Besides wasting Mata’s time, proposals have actually worked against him because he tends to be higher priced. He doesn’t try to hide that, but finds that it doesn’t serve him well to have his detailed numbers sprawled out before a client knows what they mean.

Bill Art of Sandler suggests that vendors such as Mata can reply to a request for a proposal by saying, “I can’t remember the last time I was the low bidder.”

Mata is more direct. “I tend to be the highest price.”

And he doesn’t apologize for that.

“Wal-Mart is very inexpensive. They have economies of scale to their advantage. Being a much smaller company, you don’t have that.”

He tells people: You get what you pay for.

Accept “no” as a good answer

Salespeople are conditioned to dread the word “no.” But it’s a good answer if it keeps them from wasting time.

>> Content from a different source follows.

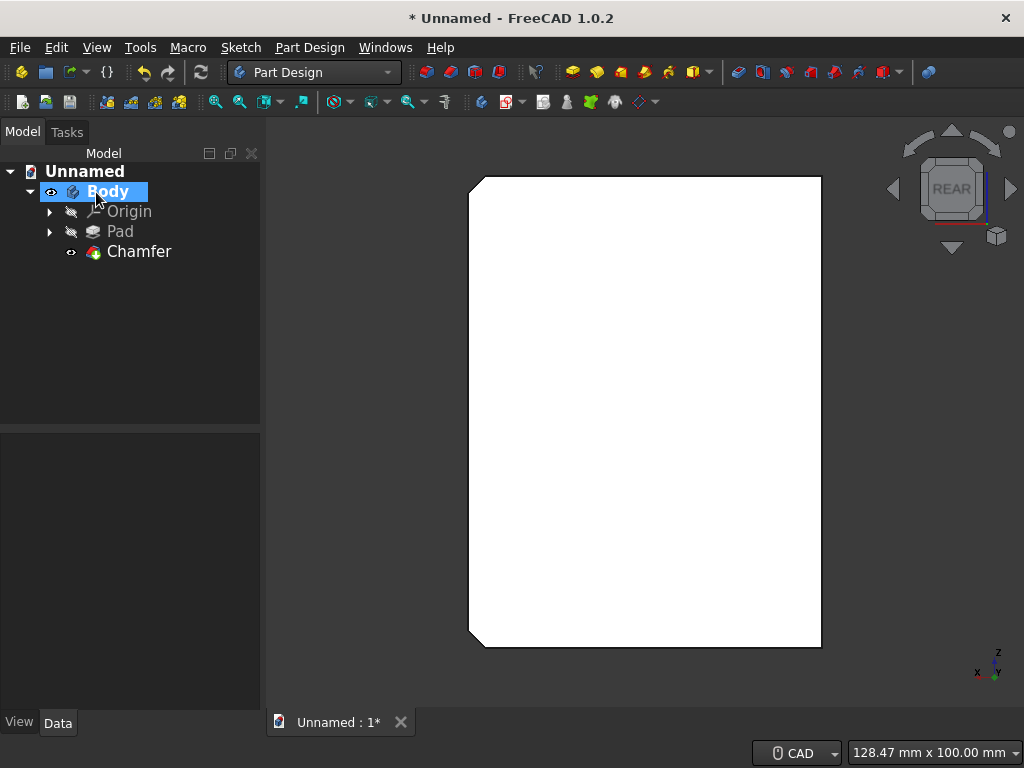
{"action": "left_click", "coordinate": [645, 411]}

When Mata’s on a sales call, he says, ” ‘Yes’ is OK. ‘No’ is OK. ‘I’ve got to think it over’ is not OK.”

Definitive “yes” answers don’t necessarily mean a signed contract, but an agreement that it’s worth taking the next step toward a decision. Mata establishes “continual up-front contracts” of expectations, so both sides know what to anticipate from a given conversation.

Close deals faster

When Mata planned budgets and cash flow previously, he knew that the average time from first meeting to contract was three to five months.

Today, it’s two to five weeks.

“I wanted to reduce my product cycle,” he says. “It was hurting the business.”

Most of the decrease stems from all the wasted meetings Mata and his staff no longer attend. “It was a lot of chasing the wrong prospects and starting to target the audience we wanted.”

Not even halfway through 1998, Mata expects to nearly triple sales again this year, projecting $2.5 million to $3 million. How much has the new sales approach meant to his business?

“How about everything?” Mata answers quickly. “It’s part of the culture now. It might have even saved my business.”